Showing posts with label Eastern Front. Show all posts
Showing posts with label Eastern Front. Show all posts

25 October 2011

Aus Meiner Sicht (From My View) - The Memoirs of Werner Mork - A Private's Life in the Wehrmacht during World War II

This is a very interesting memoir which I came across by chance. It covers Werner Mork's service during WWII in the German Wehrmacht and is available to download free of charge.

Mork served as a driver in North Africa in 1942, in the Tobruk area. Hospitalised for a period in Germany, he was then posted to Corsica and was involved in the battles in Italy - Ortona, Anzio and Monte Cassino. Transferred to the Eastern Front, he later experienced the Russian invasion of Silesia, and was ultimately captured in Czechoslovakia.

I haven't had chance to read the book in detail, but a quick glance through indicates it is worthy of attention. The chapters available are:

  • Driving Supply Trucks in Africa - 1942
  • Driving Supply Trucks in Africa - 1942- Part II
  • Driving Supply Trucks in Africa - 1942- Part III
  • Recuperation in Halberstadt - 1943
  • Mork on Corsica - 1943
  • The Battle of Ortona - 1943
  • The American Landing at Anzio / Nettuno - 1944
  • The Battle of Monte Cassino - 1944 - Part I
  • The Battle of Monte Cassino - 1944 - Part II
  • The War on the Eastern Front - 1945
  • The War on the Eastern Front - 1945 - Part II
  • The War on the Eastern Front - 1945 - Part III
  • Aftermath: P.O.W.

Available from:
The book can be downloaded free of charge on Daniel Setzer's page (he translated the text).
Other selections from memoirs in the original German text can be found on the website of the German Historical Museum.

11 July 2011

Sacrifice On The Steppe - The Italian Alpine Corps in the Stalingrad Campaign, 1942-1943

When Germany’s Sixth Army advanced to Stalingrad in 1942, its long-extended flanks were mainly held by its allied armies—the Romanians, Hungarians, and Italians.

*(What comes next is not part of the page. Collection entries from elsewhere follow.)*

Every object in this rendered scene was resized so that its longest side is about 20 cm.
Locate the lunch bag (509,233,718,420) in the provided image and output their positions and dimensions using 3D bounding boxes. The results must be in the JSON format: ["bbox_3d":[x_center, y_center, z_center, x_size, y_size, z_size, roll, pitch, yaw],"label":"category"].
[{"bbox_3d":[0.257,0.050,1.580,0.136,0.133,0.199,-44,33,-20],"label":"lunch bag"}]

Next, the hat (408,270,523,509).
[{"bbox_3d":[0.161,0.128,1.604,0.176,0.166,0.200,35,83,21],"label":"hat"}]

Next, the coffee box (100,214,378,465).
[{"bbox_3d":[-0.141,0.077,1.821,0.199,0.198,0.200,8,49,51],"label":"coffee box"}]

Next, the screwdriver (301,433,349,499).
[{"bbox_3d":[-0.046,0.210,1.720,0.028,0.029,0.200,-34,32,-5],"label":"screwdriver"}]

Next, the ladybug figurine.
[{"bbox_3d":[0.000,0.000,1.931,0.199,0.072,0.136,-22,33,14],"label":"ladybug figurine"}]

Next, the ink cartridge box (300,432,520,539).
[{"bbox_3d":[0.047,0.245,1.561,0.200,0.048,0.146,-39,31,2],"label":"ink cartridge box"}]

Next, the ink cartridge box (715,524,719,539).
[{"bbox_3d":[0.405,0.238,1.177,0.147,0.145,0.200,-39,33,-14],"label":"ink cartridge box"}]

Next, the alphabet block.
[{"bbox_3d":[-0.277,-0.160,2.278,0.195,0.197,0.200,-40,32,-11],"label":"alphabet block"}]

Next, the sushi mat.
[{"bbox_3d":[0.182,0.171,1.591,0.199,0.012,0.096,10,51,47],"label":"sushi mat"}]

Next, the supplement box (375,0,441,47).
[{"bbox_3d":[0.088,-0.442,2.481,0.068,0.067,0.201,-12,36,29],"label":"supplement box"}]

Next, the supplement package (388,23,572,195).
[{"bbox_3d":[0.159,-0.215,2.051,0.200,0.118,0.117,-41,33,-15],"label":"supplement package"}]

But as history tells us, these flanks quickly caved in before the massive Soviet counter-offensive which commenced that November, dooming the Germans to their first catastrophe of the war. However, the historical record also makes clear that one allied unit held out to the very end, fighting to stem the tide—the Italian Alpine Corps.

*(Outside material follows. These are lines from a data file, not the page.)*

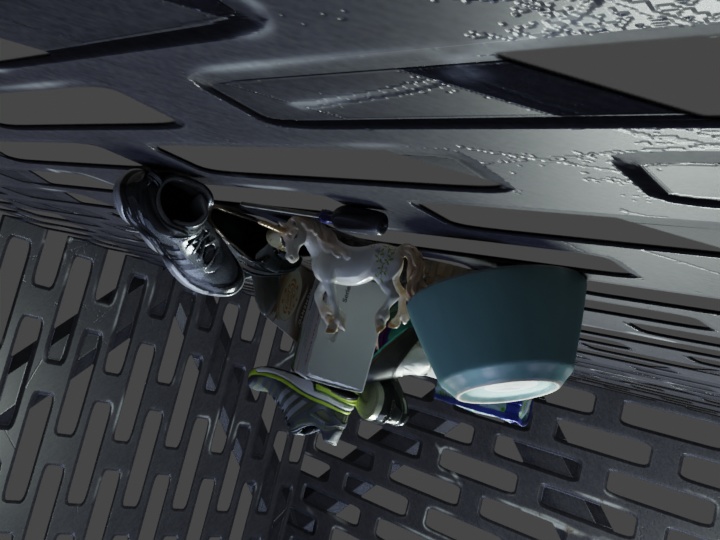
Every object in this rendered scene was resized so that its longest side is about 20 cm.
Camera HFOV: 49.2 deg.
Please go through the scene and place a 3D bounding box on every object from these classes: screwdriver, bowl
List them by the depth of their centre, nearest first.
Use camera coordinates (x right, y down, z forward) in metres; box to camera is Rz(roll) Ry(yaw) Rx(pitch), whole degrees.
[{"bbox_3d":[-0.052,-0.060,0.824,0.197,0.029,0.029,13,-157,39],"label":"screwdriver"},{"bbox_3d":[0.150,0.078,0.838,0.196,0.107,0.201,-4,159,-1],"label":"bowl"}]

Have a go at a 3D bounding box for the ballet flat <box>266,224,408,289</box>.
[{"bbox_3d":[-0.029,-0.018,0.975,0.196,0.058,0.066,14,172,14],"label":"ballet flat"}]

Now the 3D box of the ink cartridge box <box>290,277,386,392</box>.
[{"bbox_3d":[-0.032,0.083,1.092,0.082,0.148,0.200,17,173,-9],"label":"ink cartridge box"}]

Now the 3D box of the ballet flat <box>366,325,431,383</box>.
[{"bbox_3d":[0.087,0.095,1.081,0.068,0.200,0.068,40,167,22],"label":"ballet flat"}]

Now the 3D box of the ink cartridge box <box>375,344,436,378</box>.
[{"bbox_3d":[0.098,0.120,1.494,0.199,0.085,0.145,24,-163,-50],"label":"ink cartridge box"}]

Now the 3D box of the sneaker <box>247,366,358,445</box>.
[{"bbox_3d":[-0.095,0.191,1.137,0.197,0.083,0.073,11,172,41],"label":"sneaker"}]

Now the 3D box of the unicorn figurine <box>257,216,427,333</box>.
[{"bbox_3d":[-0.017,0.003,0.923,0.195,0.141,0.074,-4,-171,-6],"label":"unicorn figurine"}]

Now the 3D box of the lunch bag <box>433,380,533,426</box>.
[{"bbox_3d":[0.199,0.123,1.124,0.125,0.174,0.200,16,172,-7],"label":"lunch bag"}]

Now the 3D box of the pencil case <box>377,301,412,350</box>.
[{"bbox_3d":[0.073,0.082,1.241,0.086,0.092,0.200,53,-171,-9],"label":"pencil case"}]

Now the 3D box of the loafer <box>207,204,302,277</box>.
[{"bbox_3d":[-0.147,-0.039,1.050,0.062,0.074,0.198,0,162,46],"label":"loafer"}]

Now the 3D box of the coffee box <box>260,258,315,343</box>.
[{"bbox_3d":[-0.084,0.053,1.312,0.078,0.117,0.199,19,-177,-29],"label":"coffee box"}]

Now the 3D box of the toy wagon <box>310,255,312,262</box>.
[{"bbox_3d":[0.000,0.000,1.144,0.153,0.040,0.199,11,172,33],"label":"toy wagon"}]

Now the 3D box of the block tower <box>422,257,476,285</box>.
[{"bbox_3d":[0.142,0.030,0.989,0.196,0.055,0.058,15,173,15],"label":"block tower"}]

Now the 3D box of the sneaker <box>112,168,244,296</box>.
[{"bbox_3d":[-0.195,-0.040,0.917,0.200,0.076,0.113,47,154,-26],"label":"sneaker"}]

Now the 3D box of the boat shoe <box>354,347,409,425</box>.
[{"bbox_3d":[0.019,0.159,1.169,0.066,0.073,0.201,16,-158,-23],"label":"boat shoe"}]

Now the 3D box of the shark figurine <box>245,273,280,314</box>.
[{"bbox_3d":[-0.181,-0.046,1.148,0.212,0.129,0.090,32,154,20],"label":"shark figurine"}]

As a result of Mussolini’s disastrous alliance with Nazi Germany, by the fall of 1942, 227,000 soldiers of the Italian Eighth Army were deployed along a 270km front along the Don River to protect the left flank of German troops intent on capturing Stalingrad. Sixty thousands of these were elite mountain troops incongruously put into combat on the vast steppe. When the Don front collapsed under Soviet hammerblows, it was the Alpine Corps that continued to hold out until it was completely isolated, and which then tried to fight its way out through both Russian encirclement and “General Winter,” to rejoin the rest of the Axis front. One division was all but destroyed, but two others were able to emerge with survivors. In the all-sides battle across the snowy flatlands, thousands were killed and wounded, and even more were captured. By the summer of 1946, ten thousand survivors returned to Italy from Russian POW camps.

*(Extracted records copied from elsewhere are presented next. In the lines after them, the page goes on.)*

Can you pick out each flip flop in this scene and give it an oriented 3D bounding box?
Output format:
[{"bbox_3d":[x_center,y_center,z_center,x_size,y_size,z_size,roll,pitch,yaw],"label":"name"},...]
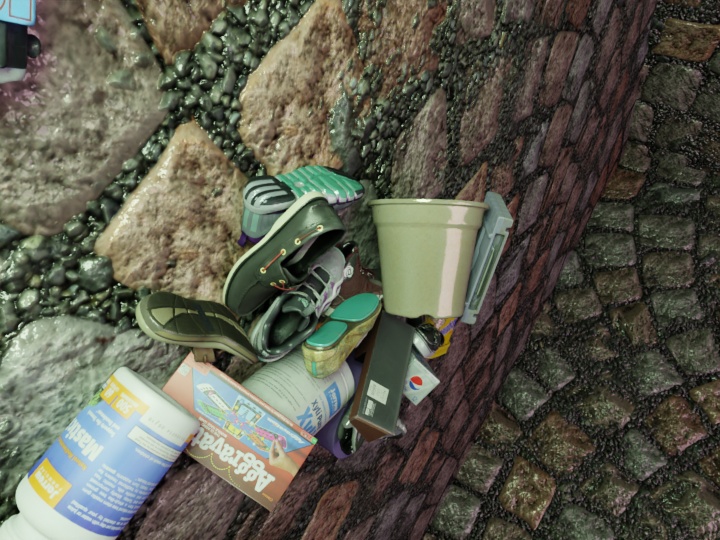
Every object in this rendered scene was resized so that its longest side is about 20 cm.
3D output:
[{"bbox_3d":[-0.194,0.079,0.613,0.058,0.081,0.200,-42,154,8],"label":"flip flop"}]

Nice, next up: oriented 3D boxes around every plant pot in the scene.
[{"bbox_3d":[0.107,-0.019,0.850,0.200,0.199,0.185,-3,95,-58],"label":"plant pot"}]

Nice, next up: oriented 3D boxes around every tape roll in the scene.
[{"bbox_3d":[-0.023,0.262,1.022,0.200,0.085,0.201,-38,142,-38],"label":"tape roll"}]

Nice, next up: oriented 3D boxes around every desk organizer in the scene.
[{"bbox_3d":[0.028,0.177,0.863,0.077,0.072,0.201,-42,-156,47],"label":"desk organizer"}]

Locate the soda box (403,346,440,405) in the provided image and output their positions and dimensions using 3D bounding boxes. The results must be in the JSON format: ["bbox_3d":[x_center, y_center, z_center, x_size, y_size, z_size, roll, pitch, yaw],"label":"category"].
[{"bbox_3d":[0.084,0.174,0.983,0.063,0.068,0.200,-45,-167,3],"label":"soda box"}]

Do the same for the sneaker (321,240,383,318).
[{"bbox_3d":[0.000,0.000,0.869,0.200,0.075,0.116,-23,128,-50],"label":"sneaker"}]

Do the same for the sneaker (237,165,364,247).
[{"bbox_3d":[-0.081,-0.086,0.690,0.199,0.074,0.088,-15,142,-45],"label":"sneaker"}]

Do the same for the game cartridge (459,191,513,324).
[{"bbox_3d":[0.207,-0.024,0.890,0.130,0.038,0.201,-90,-168,-62],"label":"game cartridge"}]

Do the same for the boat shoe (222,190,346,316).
[{"bbox_3d":[-0.100,-0.007,0.643,0.201,0.063,0.074,-44,157,19],"label":"boat shoe"}]

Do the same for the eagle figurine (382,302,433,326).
[{"bbox_3d":[0.122,0.031,1.033,0.200,0.151,0.152,18,62,-64],"label":"eagle figurine"}]

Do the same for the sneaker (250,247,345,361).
[{"bbox_3d":[-0.074,0.043,0.710,0.201,0.078,0.140,-58,-171,-15],"label":"sneaker"}]

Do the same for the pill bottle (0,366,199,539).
[{"bbox_3d":[-0.274,0.213,0.534,0.200,0.112,0.112,-54,150,-20],"label":"pill bottle"}]

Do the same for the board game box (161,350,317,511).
[{"bbox_3d":[-0.164,0.201,0.647,0.103,0.200,0.019,-55,-174,-16],"label":"board game box"}]

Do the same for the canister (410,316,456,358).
[{"bbox_3d":[0.189,0.100,1.249,0.148,0.086,0.201,-1,111,-59],"label":"canister"}]

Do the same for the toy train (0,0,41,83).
[{"bbox_3d":[-0.243,-0.201,0.297,0.114,0.086,0.201,-23,131,-59],"label":"toy train"}]

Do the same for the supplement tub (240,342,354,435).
[{"bbox_3d":[-0.117,0.203,0.769,0.200,0.132,0.133,-36,140,-41],"label":"supplement tub"}]

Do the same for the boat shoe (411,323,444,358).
[{"bbox_3d":[0.130,0.131,1.015,0.057,0.069,0.200,-42,163,2],"label":"boat shoe"}]

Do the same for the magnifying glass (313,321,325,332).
[{"bbox_3d":[-0.036,0.092,0.862,0.200,0.079,0.023,5,63,-69],"label":"magnifying glass"}]

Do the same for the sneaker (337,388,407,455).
[{"bbox_3d":[0.012,0.299,0.960,0.116,0.075,0.200,-50,138,-16],"label":"sneaker"}]

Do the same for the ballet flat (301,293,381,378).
[{"bbox_3d":[-0.025,0.096,0.762,0.200,0.070,0.071,-39,144,-59],"label":"ballet flat"}]

The consequences of Mussolini’s decision to send troops to Russia is complex and unsettling, but most of all it is a human story. Raw courage and endurance blend with human suffering, desperation and altruism in the epic saga of this withdrawal from the Don lines, including the demise of thousands and survival of the few.

Available from:
Casemate

21 March 2010

The War Diaries of a Panzer Soldier: Erich Hager with the 17th Panzer Division on the Russian Front • 1941-1945

This book is a unique personal account of the war on the Russian Front, written using the diaries and photos of Erich Hager who served in the 39th Panzer Regiment, 17th Panzer Division throughout the war in Russia.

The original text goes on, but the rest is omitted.